Could escalate uncontrollably
A pre-emptive attack would also present formidable technical difficulties and could easily escalate uncontrollably. The former Clinton administration aide Heather Hurlburt, now of the National Security Network, writes in the online journal The Daily Beast that the likely targets are much further away than the Iraqi reactor at Osirak, which Israel destroyed in an unprovoked attack in 1981; the Israeli bombers had to be fully fuelled so that they did not need to refuel, and may also have benefited from negligent Iraqi air defence. Hurlburt points out that Israeli aircraft cannot carry the heavier U.S. bombs needed to damage the reinforced Iranian sites, and that the whole of the Iranian nuclear infrastructure cannot be destroyed in a short operation. Furthermore, as in Libya, some of the plants are in civilian areas, though western officials’ concerns about civilian casualties would ring hollow after the mass deaths caused by sanctions on Iraq and the civilian deaths which followed the invasion.
Many of the critics, however, neglect central political issues.
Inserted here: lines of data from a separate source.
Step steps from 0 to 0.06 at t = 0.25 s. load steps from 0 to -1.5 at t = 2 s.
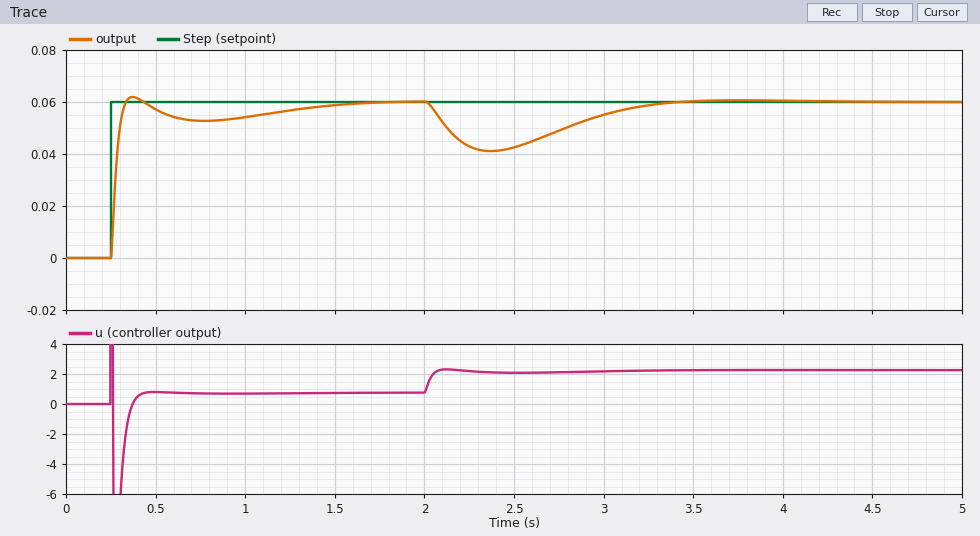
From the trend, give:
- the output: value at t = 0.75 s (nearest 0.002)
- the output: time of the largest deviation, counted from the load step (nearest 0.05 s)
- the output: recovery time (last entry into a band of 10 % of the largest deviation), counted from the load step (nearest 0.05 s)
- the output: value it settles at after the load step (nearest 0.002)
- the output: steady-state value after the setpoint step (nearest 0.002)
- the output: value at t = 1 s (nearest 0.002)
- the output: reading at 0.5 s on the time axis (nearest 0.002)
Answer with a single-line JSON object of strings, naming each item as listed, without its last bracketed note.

Iran’s President Mahmoud Ahmadinejad has said that even if Iran had the bomb, no intelligent person with one nuclear weapon would attack a country which had 5,000 of them.
Second, as Glenn Greenwald notes in The Guardian, Thomas Donnelly’s paper “A Strategy for a Nuclear Iran” is clear about the real reason for U.S. hostility to an Iranian nuclear weapon: “The surest deterrent to American action is a functioning nuclear arsenal.” The clear assumption is that anything that prevents the United States from attacking any country is a threat. As if in confirmation, Republican Senator Lindsey Graham has recently said, “when you have a nuclear weapon, nobody attacks you.”
Donnelly, one of the authors of the American conservative document Project for the New American Century, wrote his Iran paper in 2004, when the Iranian uranium enrichment programme — which even Israeli intelligence accepts is partly for medical purposes — was no doubt far less advanced than it is now. Yet continuing U.S. hostility to Iran is manifest; Democrat Representative Brad Sherman says that if sanctions harm the Iranian people, “Quite frankly, we need to do just that.”
Any U.S. president might hold and act on such opinions. Noam Chomsky, recalling the 50th anniversary of the Cuban missile crisis for The Guardian, cites recent work on President John F. Kennedy’s declassified tapes to show that Kennedy authorised several covert operations against Cuba and that during the crisis he was far more confrontational than earlier accounts had taken him to be. It was probably through sheer luck and nothing else that nuclear war did not occur. Although Second Captain Vasili Arkhipov of the Soviet submarine B-59 decided not to fire nuclear torpedoes when the U.S. aircraft carrier Randolph started depth-charging his vessel off Cuba, another officer might have acted differently. Chomsky also cites U.S. officers who detail “errors, confusions, near-accidents and miscomprehension” in the crisis — and who state that official commanders had no way of preventing a rogue crew-member from starting a war; many of the U.S. military personnel also held their political leaders in contempt. Today, there is little or nothing to ensure that, irrespective of the security professionals’ opinions of the politicians, they will not be ignored over Iran, just as they were over Iraq.